### Your instructions
Please output each entry in the material beneath exactly as shown.
-- Opening Marker --
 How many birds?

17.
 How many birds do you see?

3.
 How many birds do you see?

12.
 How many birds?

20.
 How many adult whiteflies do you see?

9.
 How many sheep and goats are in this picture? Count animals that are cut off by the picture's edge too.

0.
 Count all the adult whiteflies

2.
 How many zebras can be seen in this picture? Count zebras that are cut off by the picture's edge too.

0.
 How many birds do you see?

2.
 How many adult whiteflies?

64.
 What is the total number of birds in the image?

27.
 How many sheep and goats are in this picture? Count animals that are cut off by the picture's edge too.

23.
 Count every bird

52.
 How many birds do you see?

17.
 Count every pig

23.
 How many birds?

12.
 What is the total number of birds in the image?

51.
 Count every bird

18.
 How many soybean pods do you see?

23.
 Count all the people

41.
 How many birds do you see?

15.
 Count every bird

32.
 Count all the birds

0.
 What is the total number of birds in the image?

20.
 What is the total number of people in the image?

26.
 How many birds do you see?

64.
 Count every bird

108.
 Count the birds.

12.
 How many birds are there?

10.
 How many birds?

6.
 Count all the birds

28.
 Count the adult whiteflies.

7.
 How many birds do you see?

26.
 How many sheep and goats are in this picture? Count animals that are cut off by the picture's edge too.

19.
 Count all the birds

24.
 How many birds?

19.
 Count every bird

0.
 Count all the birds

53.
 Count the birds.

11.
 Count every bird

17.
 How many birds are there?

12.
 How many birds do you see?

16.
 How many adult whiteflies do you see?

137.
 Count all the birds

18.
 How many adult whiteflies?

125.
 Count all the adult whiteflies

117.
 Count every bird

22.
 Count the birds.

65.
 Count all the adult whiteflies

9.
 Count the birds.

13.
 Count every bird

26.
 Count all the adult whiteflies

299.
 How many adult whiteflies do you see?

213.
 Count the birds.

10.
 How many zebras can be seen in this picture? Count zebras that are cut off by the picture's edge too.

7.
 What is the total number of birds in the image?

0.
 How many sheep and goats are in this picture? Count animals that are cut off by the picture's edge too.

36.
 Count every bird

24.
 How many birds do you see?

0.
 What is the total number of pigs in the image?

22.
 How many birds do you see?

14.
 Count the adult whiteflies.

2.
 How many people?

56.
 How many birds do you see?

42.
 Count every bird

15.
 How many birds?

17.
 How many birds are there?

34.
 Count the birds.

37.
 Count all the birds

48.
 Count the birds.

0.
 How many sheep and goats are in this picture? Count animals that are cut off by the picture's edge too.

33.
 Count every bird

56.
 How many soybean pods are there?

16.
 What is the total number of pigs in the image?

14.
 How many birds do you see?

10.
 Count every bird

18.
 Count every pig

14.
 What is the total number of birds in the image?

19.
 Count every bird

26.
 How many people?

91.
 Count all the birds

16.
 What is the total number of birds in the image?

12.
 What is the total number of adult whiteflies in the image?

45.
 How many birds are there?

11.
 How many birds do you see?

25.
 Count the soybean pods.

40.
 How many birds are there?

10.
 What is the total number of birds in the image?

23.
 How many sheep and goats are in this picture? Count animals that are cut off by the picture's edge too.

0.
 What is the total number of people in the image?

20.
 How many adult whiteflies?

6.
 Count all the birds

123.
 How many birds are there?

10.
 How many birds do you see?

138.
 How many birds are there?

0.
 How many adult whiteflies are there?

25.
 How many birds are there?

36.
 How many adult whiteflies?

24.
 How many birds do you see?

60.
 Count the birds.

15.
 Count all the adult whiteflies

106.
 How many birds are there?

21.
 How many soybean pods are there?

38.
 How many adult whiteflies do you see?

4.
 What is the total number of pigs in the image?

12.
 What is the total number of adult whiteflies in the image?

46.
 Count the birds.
-- Closing Marker --
### Answer box
 How many birds?

17.
 How many birds do you see?

3.
 How many birds do you see?

12.
 How many birds?

20.
 How many adult whiteflies do you see?

9.
 How many sheep and goats are in this picture? Count animals that are cut off by the picture's edge too.

0.
 Count all the adult whiteflies

2.
 How many zebras can be seen in this picture? Count zebras that are cut off by the picture's edge too.

0.
 How many birds do you see?

2.
 How many adult whiteflies?

64.
 What is the total number of birds in the image?

27.
 How many sheep and goats are in this picture? Count animals that are cut off by the picture's edge too.

23.
 Count every bird

52.
 How many birds do you see?

17.
 Count every pig

23.
 How many birds?

12.
 What is the total number of birds in the image?

51.
 Count every bird

18.
 How many soybean pods do you see?

23.
 Count all the people

41.
 How many birds do you see?

15.
 Count every bird

32.
 Count all the birds

0.
 What is the total number of birds in the image?

20.
 What is the total number of people in the image?

26.
 How many birds do you see?

64.
 Count every bird

108.
 Count the birds.

12.
 How many birds are there?

10.
 How many birds?

6.
 Count all the birds

28.
 Count the adult whiteflies.

7.
 How many birds do you see?

26.
 How many sheep and goats are in this picture? Count animals that are cut off by the picture's edge too.

19.
 Count all the birds

24.
 How many birds?

19.
 Count every bird

0.
 Count all the birds

53.
 Count the birds.

11.
 Count every bird

17.
 How many birds are there?

12.
 How many birds do you see?

16.
 How many adult whiteflies do you see?

137.
 Count all the birds

18.
 How many adult whiteflies?

125.
 Count all the adult whiteflies

117.
 Count every bird

22.
 Count the birds.

65.
 Count all the adult whiteflies

9.
 Count the birds.

13.
 Count every bird

26.
 Count all the adult whiteflies

299.
 How many adult whiteflies do you see?

213.
 Count the birds.

10.
 How many zebras can be seen in this picture? Count zebras that are cut off by the picture's edge too.

7.
 What is the total number of birds in the image?

0.
 How many sheep and goats are in this picture? Count animals that are cut off by the picture's edge too.

36.
 Count every bird

24.
 How many birds do you see?

0.
 What is the total number of pigs in the image?

22.
 How many birds do you see?

14.
 Count the adult whiteflies.

2.
 How many people?

56.
 How many birds do you see?

42.
 Count every bird

15.
 How many birds?

17.
 How many birds are there?

34.
 Count the birds.

37.
 Count all the birds

48.
 Count the birds.

0.
 How many sheep and goats are in this picture? Count animals that are cut off by the picture's edge too.

33.
 Count every bird

56.
 How many soybean pods are there?

16.
 What is the total number of pigs in the image?

14.
 How many birds do you see?

10.
 Count every bird

18.
 Count every pig

14.
 What is the total number of birds in the image?

19.
 Count every bird

26.
 How many people?

91.
 Count all the birds

16.
 What is the total number of birds in the image?

12.
 What is the total number of adult whiteflies in the image?

45.
 How many birds are there?

11.
 How many birds do you see?

25.
 Count the soybean pods.

40.
 How many birds are there?

10.
 What is the total number of birds in the image?

23.
 How many sheep and goats are in this picture? Count animals that are cut off by the picture's edge too.

0.
 What is the total number of people in the image?

20.
 How many adult whiteflies?

6.
 Count all the birds

123.
 How many birds are there?

10.
 How many birds do you see?

138.
 How many birds are there?

0.
 How many adult whiteflies are there?

25.
 How many birds are there?

36.
 How many adult whiteflies?

24.
 How many birds do you see?

60.
 Count the birds.

15.
 Count all the adult whiteflies

106.
 How many birds are there?

21.
 How many soybean pods are there?

38.
 How many adult whiteflies do you see?

4.
 What is the total number of pigs in the image?

12.
 What is the total number of adult whiteflies in the image?

46.
 Count the birds.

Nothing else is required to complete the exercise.